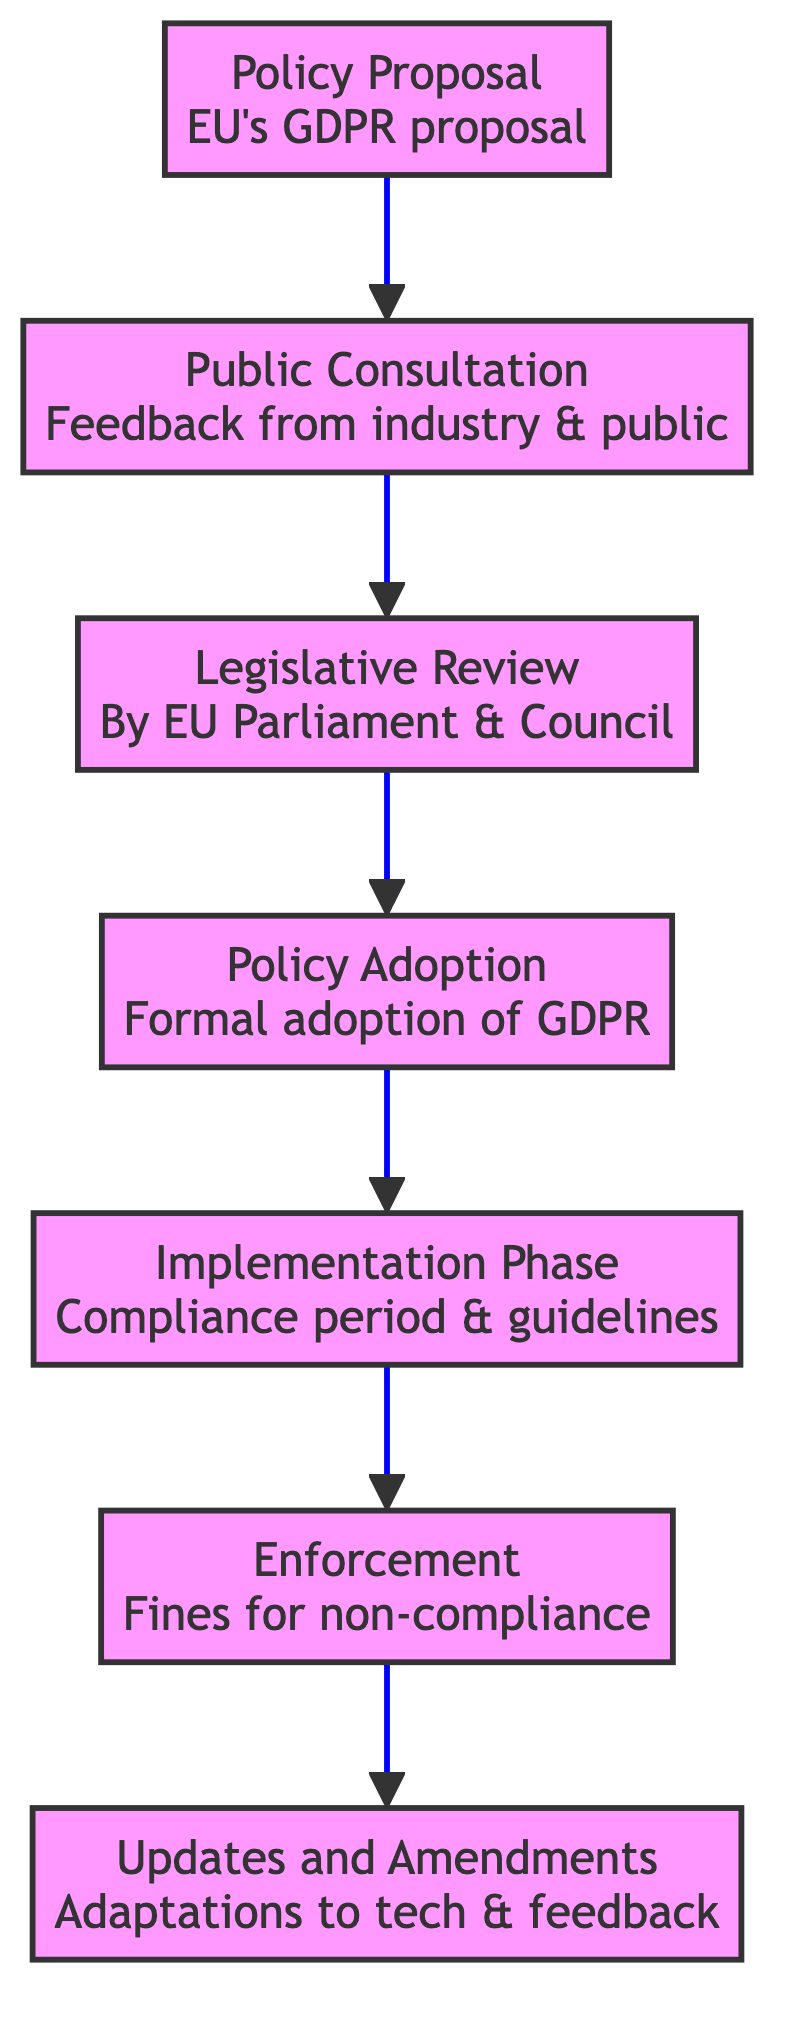What is the first step in the process? The first step in the diagram is represented by the node labeled "Policy Proposal," which details the EU's GDPR proposal.
Answer: Policy Proposal How many nodes are in the diagram? The diagram contains seven nodes, each representing a different stage in the regulatory process impacting technology companies.
Answer: 7 What node follows the "Public Consultation"? Following the "Public Consultation" node, which focuses on gathering feedback, is the "Legislative Review" node where the proposal is reviewed by the European Parliament and the Council.
Answer: Legislative Review Which node represents the formal adoption of GDPR? The node labeled "Policy Adoption" signifies the stage where GDPR is formally adopted by the EU Parliament, marking a crucial stage in the regulatory process.
Answer: Policy Adoption What is linked directly after "Implementation Phase"? The "Enforcement" node is linked directly after the "Implementation Phase," indicating that after tech companies implement the policies, enforcement actions begin.
Answer: Enforcement How does the "Enforcement" node relate to penalties? The "Enforcement" node discusses "Fines and penalties for non-compliance," suggesting that this is the phase where penalties are applied to violators of the policy.
Answer: Fines and penalties Is there a feedback mechanism reflected in the diagram? Yes, the "Updates and Amendments" node at the end indicates that adaptations occur in response to technological advancements and industry feedback, representing a feedback mechanism.
Answer: Yes What comes last in the sequence of the diagram? The last node in the sequence is "Updates and Amendments," which indicates the ongoing adaptation of policies based on feedback and advancements in technology.
Answer: Updates and Amendments What is the connection between "Policy Adoption" and "Implementation Phase"? The connection is direct, showing that after the "Policy Adoption" stage, the next logical step is the "Implementation Phase" where compliance becomes mandatory.
Answer: Implementation Phase 
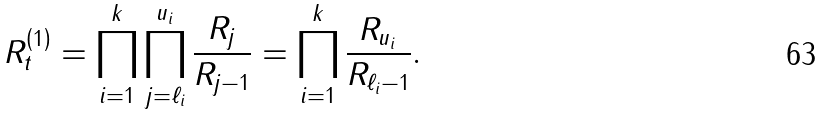Convert formula to latex. <formula><loc_0><loc_0><loc_500><loc_500>R _ { t } ^ { \left ( 1 \right ) } = \prod _ { i = 1 } ^ { k } \prod _ { j = \ell _ { i } } ^ { u _ { i } } \frac { R _ { j } } { R _ { j - 1 } } = \prod _ { i = 1 } ^ { k } \frac { R _ { u _ { i } } } { R _ { \ell _ { i } - 1 } } .</formula>

----

> Exercise directions
For each record above, write out every line exactly and skip the pictures.

> The answer
What is the first step in the process? The first step in the diagram is represented by the node labeled "Policy Proposal," which details the EU's GDPR proposal.
Answer: Policy Proposal How many nodes are in the diagram? The diagram contains seven nodes, each representing a different stage in the regulatory process impacting technology companies.
Answer: 7 What node follows the "Public Consultation"? Following the "Public Consultation" node, which focuses on gathering feedback, is the "Legislative Review" node where the proposal is reviewed by the European Parliament and the Council.
Answer: Legislative Review Which node represents the formal adoption of GDPR? The node labeled "Policy Adoption" signifies the stage where GDPR is formally adopted by the EU Parliament, marking a crucial stage in the regulatory process.
Answer: Policy Adoption What is linked directly after "Implementation Phase"? The "Enforcement" node is linked directly after the "Implementation Phase," indicating that after tech companies implement the policies, enforcement actions begin.
Answer: Enforcement How does the "Enforcement" node relate to penalties? The "Enforcement" node discusses "Fines and penalties for non-compliance," suggesting that this is the phase where penalties are applied to violators of the policy.
Answer: Fines and penalties Is there a feedback mechanism reflected in the diagram? Yes, the "Updates and Amendments" node at the end indicates that adaptations occur in response to technological advancements and industry feedback, representing a feedback mechanism.
Answer: Yes What comes last in the sequence of the diagram? The last node in the sequence is "Updates and Amendments," which indicates the ongoing adaptation of policies based on feedback and advancements in technology.
Answer: Updates and Amendments What is the connection between "Policy Adoption" and "Implementation Phase"? The connection is direct, showing that after the "Policy Adoption" stage, the next logical step is the "Implementation Phase" where compliance becomes mandatory.
Answer: Implementation Phase 
Convert formula to latex. <formula><loc_0><loc_0><loc_500><loc_500>R _ { t } ^ { \left ( 1 \right ) } = \prod _ { i = 1 } ^ { k } \prod _ { j = \ell _ { i } } ^ { u _ { i } } \frac { R _ { j } } { R _ { j - 1 } } = \prod _ { i = 1 } ^ { k } \frac { R _ { u _ { i } } } { R _ { \ell _ { i } - 1 } } .</formula>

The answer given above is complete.